More than 330,000 Medicare recipients affected by MOVEit breach

In the latest disclosures related to a Russian ransomware gang’s exploitation of the popular MOVEit file transfer service, a federal government agency revealed that more than 330,000 Medicare recipients were affected in a leak of sensitive data.

The U.S. Center for Medicare & Medicaid Services (CMS) provides health coverage to more than 160 million people through Medicare, Medicaid, the Children's Health Insurance Program and the Health Insurance Marketplace.

In a notice on Thursday, the organization said it is sending letters to those who may have been impacted by a breach of the corporate network of Maximus Federal Services — a CMS contractor that used Progress Software’s MOVEit Transfer.

The information accessed includes:

• Names
• Social Security numbers
• Addresses
• Dates of birth
• Phone numbers
• Medicare Beneficiary Identifiers (MBI) or Health
• Insurance Claim Numbers
• Driver’s License Numbers and State Identification
• Numbers
• Medical History/Notes (including medical record/account numbers, conditions, diagnoses, dates of service, images, treatments, etc.)
• Healthcare Provider and Prescription Information
• Health Insurance Claims and Policy/Subscriber Information

“CMS and Maximus Federal Services are notifying people with Medicare whose [personal identifiable information] may have been exposed that they are being offered free-of-charge credit monitoring services for 24 months,” they said.

“This notification also contains information about how impacted individuals can obtain a free credit report, and, for those individuals whose Medicare Beneficiary Identifier number may have been impacted, information on receiving a new Medicare card with a new number.”

CMS provided a sample of the letter, which explains that Maximus “is among many organizations in the United States that have been impacted by the MOVEit vulnerability.”

They reiterated that no CMS systems were compromised and only copies of files that were saved in the Maximus MOVEit application were accessed from May 27 through May 31. Maximus informed CMS of the breach on June 2.

Maximus, an IT firm that also provides services to U.S. student loan servicers and other government programs, confirmed in July that the information of up to 10 million people may have been accessed by hackers exploiting a MOVEit vulnerability in a regulatory filing with the U.S. Securities and Exchange Commission (SEC).

Hundreds of critical organizations across the globe reported widespread theft of data by Clop, a Russian-speaking ransomware gang with a proven track record of exploiting bugs in file transfer software.

More than five months since the vulnerability was announced, companies continue to notify state and federal regulators of breaches related to the incident as investigations continue.

Just last week, the state of Maine confirmed that more than 1.3 million people were affected by the incident because multiple departments used the MOVEit tool.

Security firm Emsisoft estimates that more than 62 million people and 2,000 organizations were affected by the MOVEit breaches.

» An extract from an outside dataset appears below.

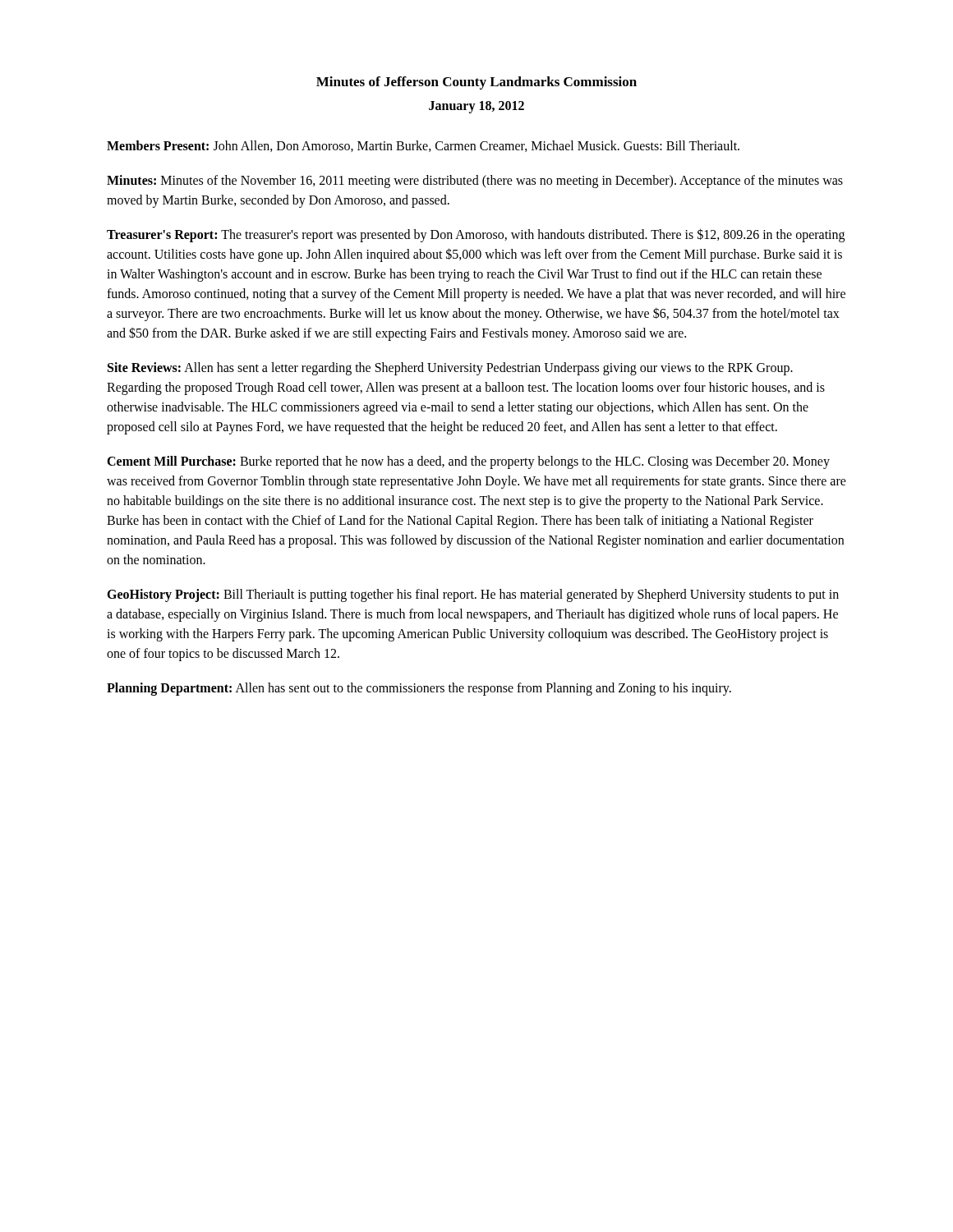
Task: Locate the block of text that opens with "Treasurer's Report: The treasurer's report"
Action: tap(476, 284)
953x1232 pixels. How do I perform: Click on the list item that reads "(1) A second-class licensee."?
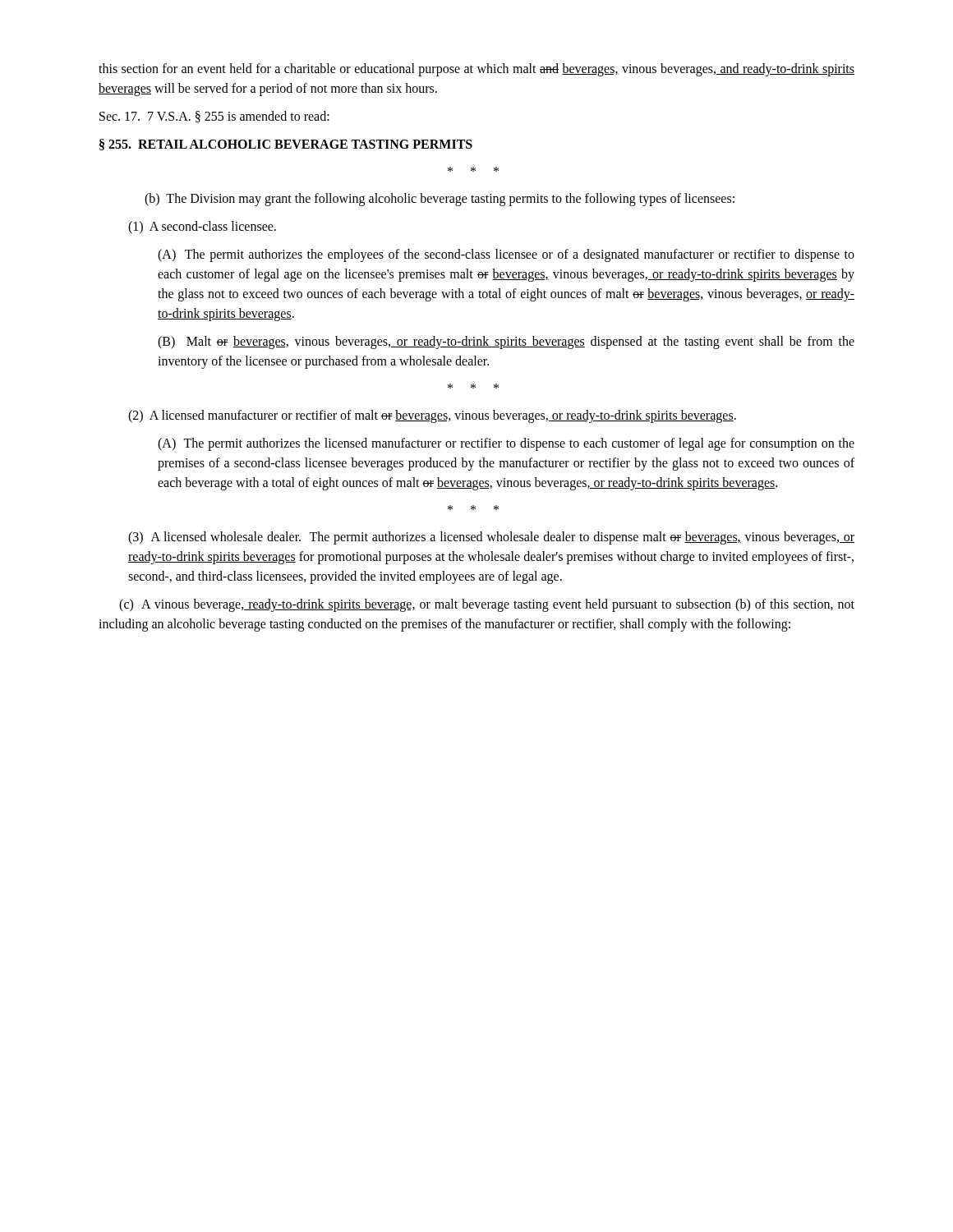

One of the lawyers for a class action suit against Progress Software previously told Recorded Future News that the breach was a “cybersecurity disaster of staggering proportions.”

Progress Software said last month that it is facing 58 class action lawsuits as well as federal, state and international investigations.

Emsisoft threat analyst Brett Callow, a cybersecurity expert who has tracked the MOVEit disclosures for months, said the breach is a prime example of why efforts by U.S. cybersecurity officials to promote the “Secure By Design” initiative — a concept in which cybersecurity is baked into all parts of the technology chain — are “absolutely critical to helping to make organizations less vulnerable.”

“The massive number of victims combined with the sensitivity of the data that was exposed, means this is likely one of the most significant incidents of all time and it illustrates that security can be really hard and that even organizations with mature cybersecurity and robust protocols in place can be blindsided by supply chain attacks,” he said.

“There are lots of takeaways from the incident, but perhaps the most important is that we really need to focus on ensuring that software is more secure. At the end of the day, attacks like those on the MOVEit platform will always be very hard to defend against. The key is ensuring that organizations don’t need to defend against them because the software they’re using is secure.”